Translational Research Exchange @ Exeter, University of Exeter, Exeter, United Kingdom.
PLoS Comput Biol. 2022 May 13;18(5):e1010110. doi: 10.1371/journal.pcbi.1010110. eCollection 2022 May.
Phosphoproteomic experiments routinely observe thousands of phosphorylation sites. To understand the intracellular signaling processes that generated this data, one or more causal protein kinases must be assigned to each phosphosite. However, limited knowledge of kinase specificity typically restricts assignments to a small subset of a kinome. Starting from a statistical model of a high-throughput, in vitro kinase-substrate assay, I have developed an approach to high-coverage, multi-label kinase-substrate assignment called IV-KAPhE ("In vivo-Kinase Assignment for Phosphorylation Evidence"). Tested on human data, IV-KAPhE outperforms other methods of similar scope. Such computational methods generally predict a densely connected kinase-substrate network, with most sites targeted by multiple kinases, pointing either to unaccounted-for biochemical constraints or significant cross-talk and signaling redundancy. I show that such predictions can potentially identify biased kinase-site misannotations within families of closely related kinase isozymes and they provide a robust basis for kinase activity analysis.

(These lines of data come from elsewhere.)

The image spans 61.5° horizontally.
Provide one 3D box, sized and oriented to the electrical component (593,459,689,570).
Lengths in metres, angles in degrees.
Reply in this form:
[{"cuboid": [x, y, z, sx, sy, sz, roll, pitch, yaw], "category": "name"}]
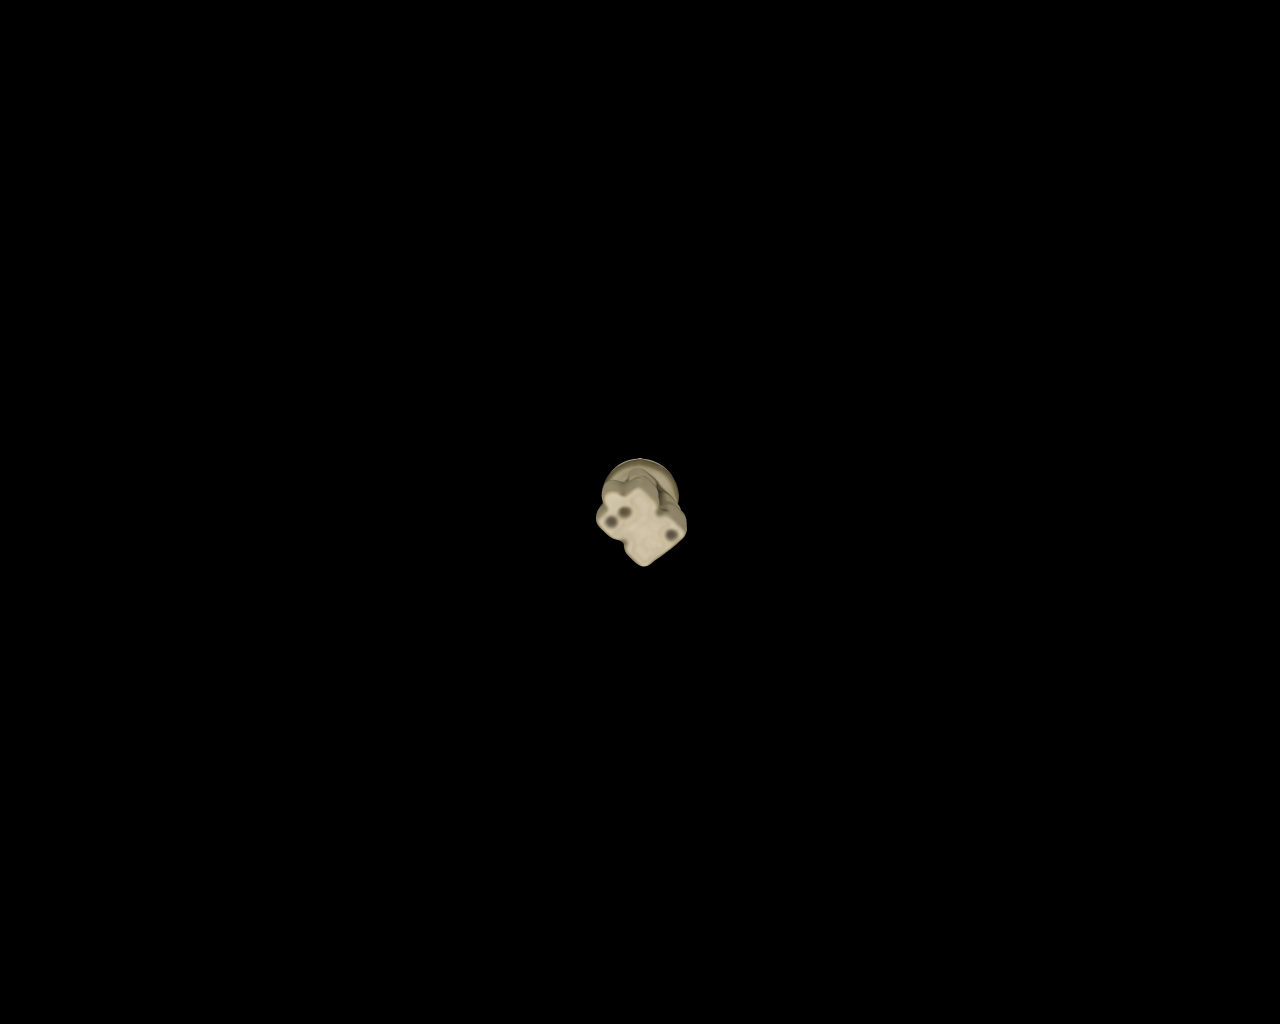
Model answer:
[{"cuboid": [0.001, -0.003, 0.650, 0.048, 0.066, 0.055, -38, 20, 16], "category": "electrical component"}]
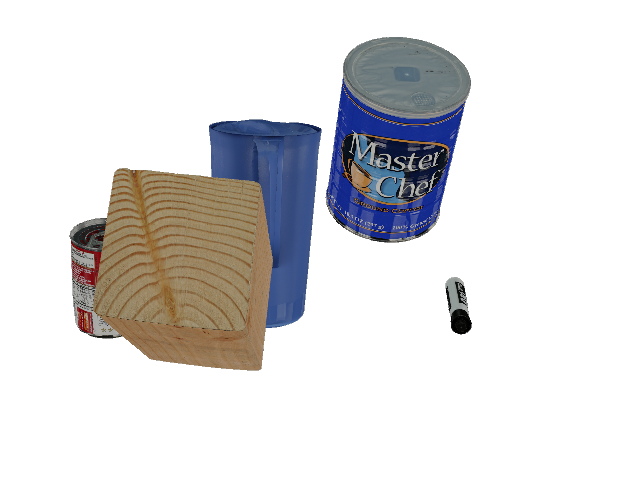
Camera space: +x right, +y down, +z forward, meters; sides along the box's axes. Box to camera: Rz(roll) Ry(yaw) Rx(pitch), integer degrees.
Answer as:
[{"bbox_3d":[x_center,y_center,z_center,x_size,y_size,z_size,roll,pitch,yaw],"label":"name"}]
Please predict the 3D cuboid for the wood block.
[{"bbox_3d":[-0.083,0.028,0.714,0.090,0.091,0.206,6,-13,1],"label":"wood block"}]

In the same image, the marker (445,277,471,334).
[{"bbox_3d":[0.130,0.061,1.011,0.020,0.020,0.121,0,16,4],"label":"marker"}]

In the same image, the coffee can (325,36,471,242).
[{"bbox_3d":[0.062,-0.083,0.894,0.102,0.140,0.103,4,44,-4],"label":"coffee can"}]

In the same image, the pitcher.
[{"bbox_3d":[-0.069,-0.020,1.276,0.145,0.243,0.148,12,17,37],"label":"pitcher"}]

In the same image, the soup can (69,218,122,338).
[{"bbox_3d":[-0.212,0.038,1.060,0.068,0.102,0.068,2,26,-1],"label":"soup can"}]
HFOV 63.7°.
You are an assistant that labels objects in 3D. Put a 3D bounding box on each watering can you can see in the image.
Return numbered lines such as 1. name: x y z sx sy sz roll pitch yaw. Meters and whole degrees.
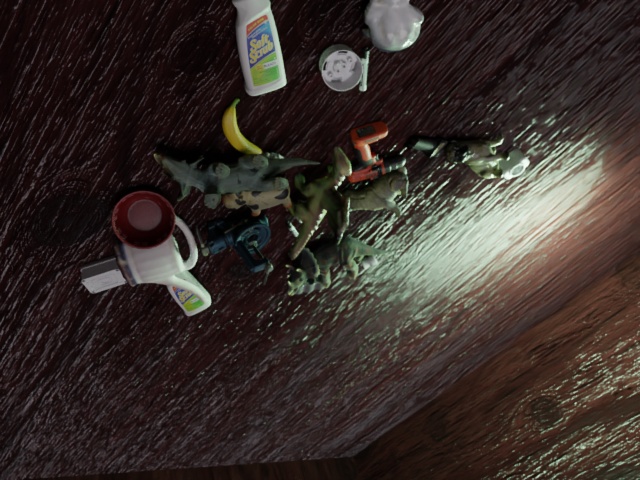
1. watering can: -0.463 0.077 1.507 0.225 0.106 0.340 -16 122 -11

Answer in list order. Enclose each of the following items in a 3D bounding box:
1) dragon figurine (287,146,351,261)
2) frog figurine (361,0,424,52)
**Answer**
1. dragon figurine: 0.004 -0.073 1.450 0.122 0.247 0.403 3 114 -24
2. frog figurine: 0.168 -0.510 1.157 0.137 0.125 0.156 7 148 -6
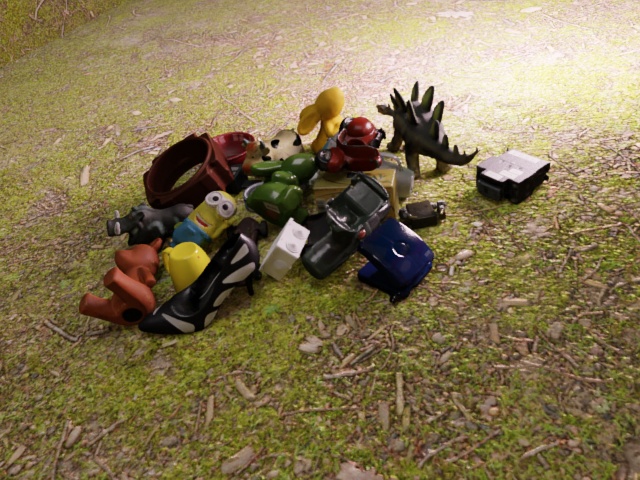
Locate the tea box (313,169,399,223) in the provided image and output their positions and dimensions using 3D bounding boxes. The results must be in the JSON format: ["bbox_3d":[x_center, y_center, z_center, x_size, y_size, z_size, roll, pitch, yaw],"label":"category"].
[{"bbox_3d":[0.079,-0.092,1.145,0.170,0.098,0.068,1,40,14],"label":"tea box"}]

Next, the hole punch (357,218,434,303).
[{"bbox_3d":[0.137,0.032,0.983,0.116,0.092,0.142,24,47,33],"label":"hole punch"}]

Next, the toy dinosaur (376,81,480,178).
[{"bbox_3d":[0.230,-0.241,1.212,0.105,0.198,0.472,-23,37,-9],"label":"toy dinosaur"}]

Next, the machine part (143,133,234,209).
[{"bbox_3d":[-0.319,-0.153,1.288,0.201,0.087,0.202,-32,46,4],"label":"machine part"}]

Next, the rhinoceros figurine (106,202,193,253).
[{"bbox_3d":[-0.368,-0.032,1.183,0.190,0.111,0.073,-11,39,-11],"label":"rhinoceros figurine"}]

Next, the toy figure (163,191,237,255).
[{"bbox_3d":[-0.255,-0.031,1.150,0.180,0.082,0.089,-50,25,-8],"label":"toy figure"}]

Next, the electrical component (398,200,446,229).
[{"bbox_3d":[0.213,-0.057,1.105,0.102,0.045,0.078,-8,39,6],"label":"electrical component"}]

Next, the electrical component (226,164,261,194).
[{"bbox_3d":[-0.210,-0.151,1.340,0.119,0.047,0.075,2,40,20],"label":"electrical component"}]

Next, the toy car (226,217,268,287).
[{"bbox_3d":[-0.159,0.020,1.107,0.089,0.053,0.202,-3,37,6],"label":"toy car"}]

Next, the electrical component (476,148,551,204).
[{"bbox_3d":[0.400,-0.134,1.142,0.134,0.058,0.115,-30,39,-21],"label":"electrical component"}]

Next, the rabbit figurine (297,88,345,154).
[{"bbox_3d":[0.024,-0.307,1.373,0.162,0.173,0.122,-1,43,8],"label":"rabbit figurine"}]

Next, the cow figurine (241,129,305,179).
[{"bbox_3d":[-0.118,-0.215,1.331,0.086,0.127,0.195,14,42,34],"label":"cow figurine"}]

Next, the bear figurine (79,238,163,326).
[{"bbox_3d":[-0.374,0.066,1.046,0.120,0.131,0.196,-38,40,20],"label":"bear figurine"}]

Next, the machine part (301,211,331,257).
[{"bbox_3d":[-0.002,-0.003,1.103,0.084,0.039,0.139,-13,41,7],"label":"machine part"}]

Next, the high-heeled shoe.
[{"bbox_3d":[-0.223,0.080,0.971,0.249,0.145,0.086,-20,38,-13],"label":"high-heeled shoe"}]

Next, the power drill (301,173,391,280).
[{"bbox_3d":[0.062,-0.038,0.973,0.232,0.207,0.086,-43,83,-18],"label":"power drill"}]

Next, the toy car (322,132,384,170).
[{"bbox_3d":[0.078,-0.211,1.269,0.162,0.102,0.109,-6,34,-22],"label":"toy car"}]

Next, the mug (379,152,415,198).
[{"bbox_3d":[0.156,-0.142,1.188,0.107,0.109,0.081,13,38,10],"label":"mug"}]

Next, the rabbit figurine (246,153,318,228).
[{"bbox_3d":[-0.073,-0.119,1.179,0.159,0.121,0.170,15,60,32],"label":"rabbit figurine"}]

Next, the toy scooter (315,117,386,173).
[{"bbox_3d":[0.085,-0.196,1.136,0.135,0.075,0.184,13,48,28],"label":"toy scooter"}]
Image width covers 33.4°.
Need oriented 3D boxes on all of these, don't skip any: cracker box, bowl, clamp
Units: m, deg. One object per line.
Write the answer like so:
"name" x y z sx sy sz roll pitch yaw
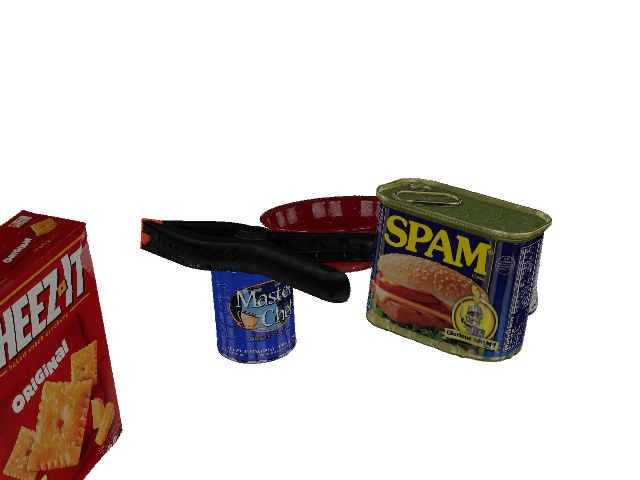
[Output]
"cracker box" -0.232 0.110 0.826 0.072 0.214 0.164 9 32 20
"bowl" 0.020 -0.004 1.104 0.162 0.055 0.162 -4 14 1
"clamp" -0.053 0.011 0.882 0.210 0.036 0.164 7 12 7

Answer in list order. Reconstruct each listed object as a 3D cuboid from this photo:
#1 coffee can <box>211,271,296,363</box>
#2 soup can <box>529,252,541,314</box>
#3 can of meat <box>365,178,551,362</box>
"coffee can" -0.084 0.068 1.337 0.103 0.140 0.103 -2 25 1
"soup can" 0.218 0.030 1.219 0.068 0.102 0.068 -2 29 1
"can of meat" 0.078 0.017 0.637 0.102 0.084 0.057 19 23 31
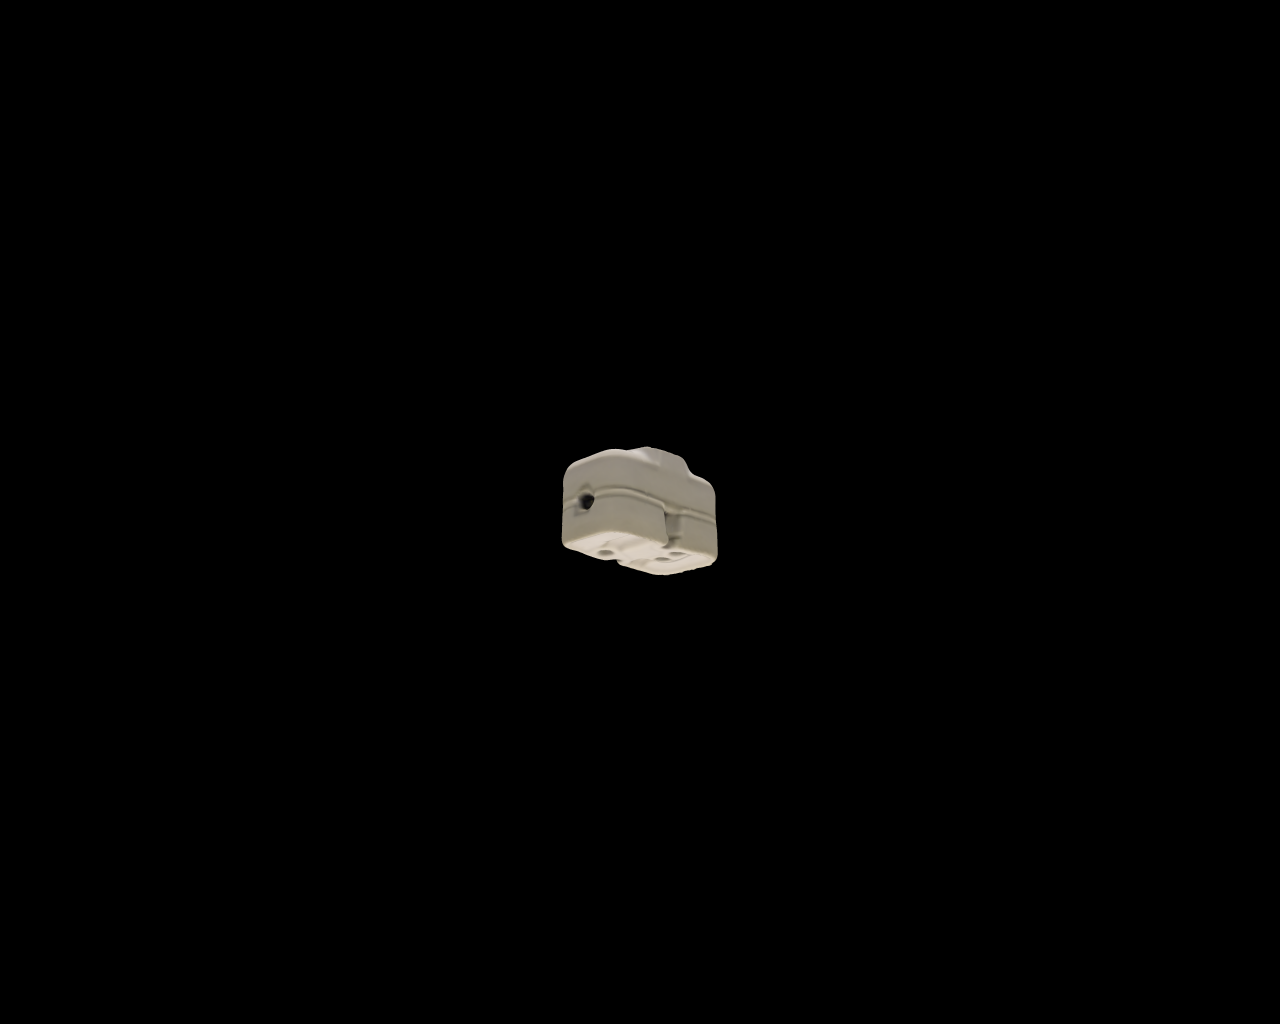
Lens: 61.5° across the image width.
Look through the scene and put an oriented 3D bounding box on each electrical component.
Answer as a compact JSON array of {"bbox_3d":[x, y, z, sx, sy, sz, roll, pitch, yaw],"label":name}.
[{"bbox_3d":[0.001,-0.003,0.650,0.053,0.059,0.095,-18,-26,41],"label":"electrical component"}]
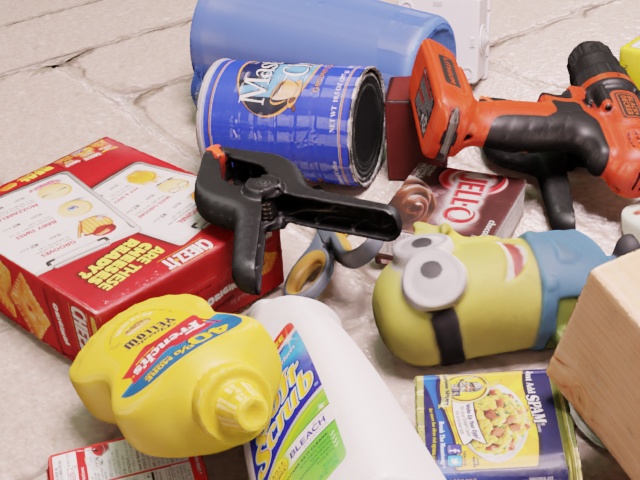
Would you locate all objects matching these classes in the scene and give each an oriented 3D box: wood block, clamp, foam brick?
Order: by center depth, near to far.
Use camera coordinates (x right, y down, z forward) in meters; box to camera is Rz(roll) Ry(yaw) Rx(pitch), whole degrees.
[{"bbox_3d":[0.213,0.100,0.501,0.090,0.091,0.206,-20,54,-22],"label":"wood block"},{"bbox_3d":[-0.042,-0.018,0.722,0.120,0.039,0.172,-22,33,-34],"label":"clamp"},{"bbox_3d":[0.197,-0.069,0.897,0.164,0.036,0.210,-26,40,-30],"label":"clamp"},{"bbox_3d":[0.085,-0.096,0.922,0.051,0.078,0.053,1,34,10],"label":"foam brick"}]

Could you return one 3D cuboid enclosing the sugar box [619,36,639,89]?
[{"bbox_3d":[0.331,-0.105,0.879,0.048,0.093,0.176,-30,38,-32],"label":"sugar box"}]

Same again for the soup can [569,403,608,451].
[{"bbox_3d":[0.199,0.075,0.627,0.102,0.068,0.069,-21,34,-24],"label":"soup can"}]

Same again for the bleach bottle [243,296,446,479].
[{"bbox_3d":[-0.008,0.105,0.606,0.068,0.102,0.251,30,10,-25],"label":"bleach bottle"}]

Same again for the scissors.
[{"bbox_3d":[-0.005,0.001,0.826,0.096,0.016,0.202,-45,18,-6],"label":"scissors"}]

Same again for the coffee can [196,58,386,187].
[{"bbox_3d":[-0.023,-0.102,0.924,0.140,0.103,0.102,6,33,19],"label":"coffee can"}]

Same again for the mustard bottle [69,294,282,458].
[{"bbox_3d":[-0.075,0.078,0.601,0.096,0.058,0.192,-32,18,-21],"label":"mustard bottle"}]

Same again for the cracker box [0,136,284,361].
[{"bbox_3d":[-0.158,0.007,0.799,0.214,0.072,0.163,24,43,39],"label":"cracker box"}]

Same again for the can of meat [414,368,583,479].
[{"bbox_3d":[0.096,0.116,0.590,0.084,0.057,0.102,-4,30,6],"label":"can of meat"}]

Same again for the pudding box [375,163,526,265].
[{"bbox_3d":[0.101,-0.016,0.821,0.090,0.039,0.113,10,35,22],"label":"pudding box"}]

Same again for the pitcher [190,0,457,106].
[{"bbox_3d":[-0.001,-0.174,1.032,0.243,0.149,0.144,17,16,28],"label":"pitcher"}]

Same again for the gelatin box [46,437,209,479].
[{"bbox_3d":[-0.106,0.145,0.601,0.089,0.030,0.073,-12,32,-11],"label":"gelatin box"}]

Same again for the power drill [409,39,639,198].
[{"bbox_3d":[0.169,-0.112,0.849,0.187,0.057,0.184,5,40,-8],"label":"power drill"}]

磷酸化蛋白质组学实验通常会观察到数千个磷酸化位点。为了理解产生这些数据的细胞内信号转导过程,必须将一个或多个因果蛋白激酶分配给每个磷酸化位点。然而,激酶特异性的知识有限通常将分配限制在激酶组的一小部分。从高通量、体外激酶-底物测定的统计模型出发,我开发了一种称为 IV-KAPhE(“基于磷酸化证据的体内激酶分配”)的高覆盖率、多标签激酶-底物分配方法。在人体数据上的测试表明,IV-KAPhE 优于其他具有类似范围的方法。此类计算方法通常预测出一个密集连接的激酶-底物网络,其中大多数位点都被多个激酶靶向,这要么指向未被考虑的生化限制,要么指向显著的串扰和信号冗余。我表明,这些预测可以潜在地识别出密切相关的激酶同工酶家族中具有偏向性的激酶-位点错误注释,并且为激酶活性分析提供了一个稳健的基础。